Still, this upward revision reflects not simply oil prices, but also that progress toward (disinflation) in goods prices and tariffs-related developments has been slower than expected. We do expect that progress to emerge eventually, but the fact that it is slower than anticipated is reflected in this forecast."
▶ How do you view the possibility that higher oil prices will negatively affect consumption and growth.
"To be honest, nobody can know for sure. The impact could be large or small, much smaller than expected or much larger than expected. If high oil prices persist for a long period, they could weigh on consumption and reduce disposable income. But whether that situation will actually occur is uncertain.
This forecast is not based on certainty, either—it is simply based on reasonable assumptions in an uncertain situation."
▶ The U.S. is a net energy exporter.
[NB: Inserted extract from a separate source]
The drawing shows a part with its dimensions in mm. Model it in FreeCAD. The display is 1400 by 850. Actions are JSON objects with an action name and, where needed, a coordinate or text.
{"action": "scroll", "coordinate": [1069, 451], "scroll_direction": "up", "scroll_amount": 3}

Doesn't that offset the effects of higher oil prices.
"There is an offsetting effect to some extent. Because the U.S. is a net energy exporter, higher oil prices lead to higher earnings for energy companies, which can spur investment and expand employment.
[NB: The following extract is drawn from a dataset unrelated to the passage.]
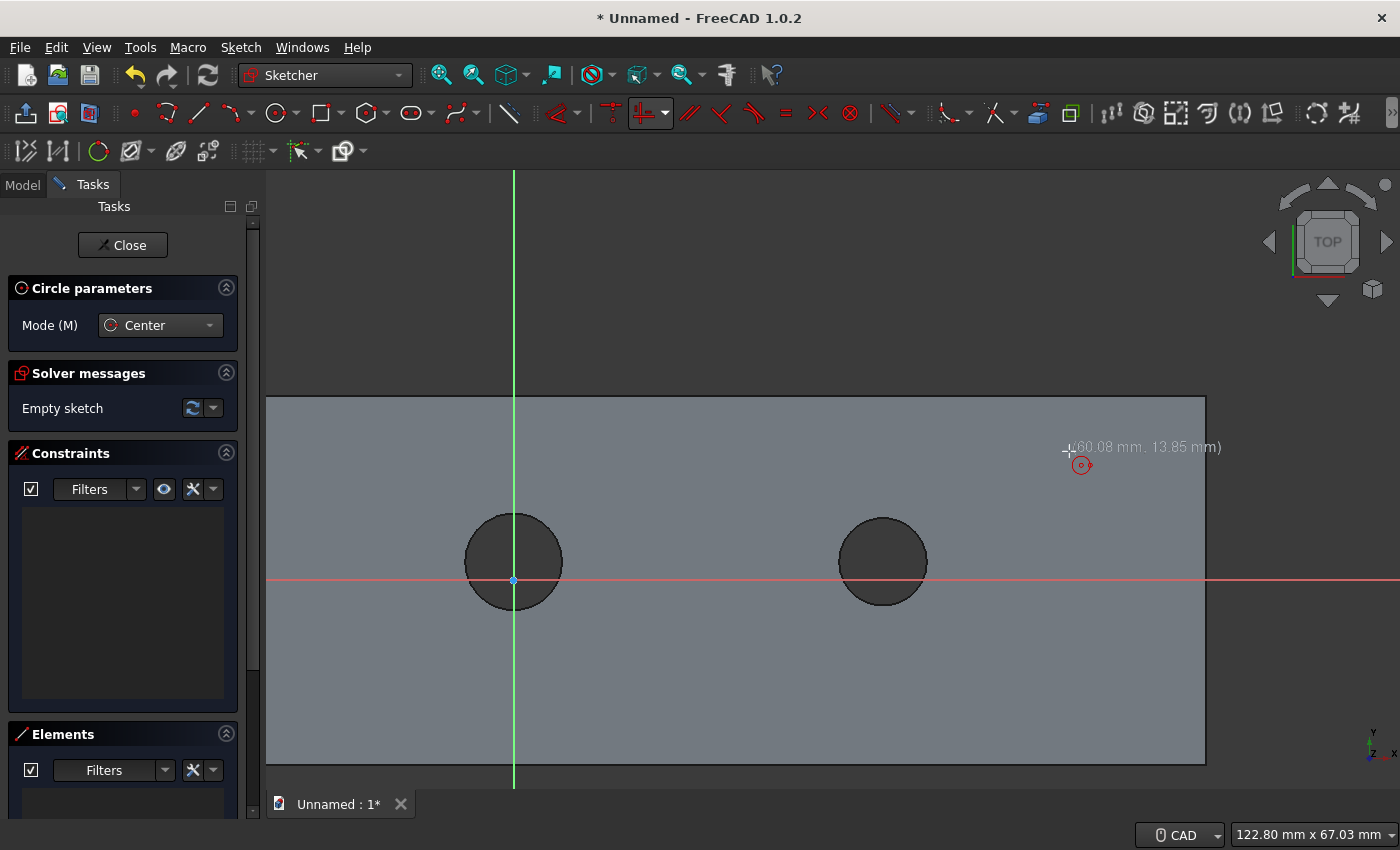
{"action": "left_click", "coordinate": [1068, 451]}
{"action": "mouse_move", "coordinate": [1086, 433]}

But the important point is that companies do not increase investment simply because oil prices rise temporarily. Firms make investment decisions only when they are confident that higher oil prices will persist for a considerable period.
So at this point, the offset may be limited, and overall the structure is one in which consumption and employment face downside pressure while prices face upside pressure."
▶ If tariff inflation is treated as 'temporary' and oil-driven inflation is also treated as 'temporary,' couldn't that undermine policy credibility.
"That point is very important, and we are deeply aware of it. Over the past few years we have experienced multiple shocks—pandemic, tariffs, and now an energy shock. When these repeated shocks accumulate, inflation expectations can become unanchored.
We view that risk very seriously. At the same time, it is not desirable to overreact to any single shock. We will make the best judgment we can based on the data and facts we are given, and maintaining policy credibility is also a very important objective.
Above all, what matters most is maintaining confidence in the 2% inflation target, and we will take the steps needed to do so."
▶ What is the basis for believing that current monetary policy can lower inflation.
"The current policy rate can be seen as positioned between neutral and restrictive—that is, mildly restrictive.
A key part of the disinflation process going forward is that the tariff effects gradually fade. As that process proceeds, goods prices may return to levels similar to the past.
But we also have to consider downside risks in the labor market. If policy becomes overly restrictive, it could have negative effects on employment. So we are balancing upside risks to inflation against downside risks to employment."
▶ Can the current situation be viewed as stagflation.
"No. Stagflation refers to a situation like the 1970s, when both unemployment and inflation were very high. Today, unemployment is close to its long-run average, and inflation is not at a level that high.
That said, it is appropriate to view the current environment as a 'tense situation' in which upside risks to inflation and downside risks to employment exist at the same time.
▶ What will you do if a successor chair is not confirmed.
"Under the law, I will continue to perform my duties as acting chair. Also, I have no plan to step down from the Fed (as a governor) until the Justice Department investigation is concluded.
▶ What does the future policy direction depend on.
"The most important variable is how the situation in the Middle East develops. We will have more information by the next meeting, and we will make our judgment accordingly.
Given the very high level of uncertainty at present, it is not appropriate to assume a particular path."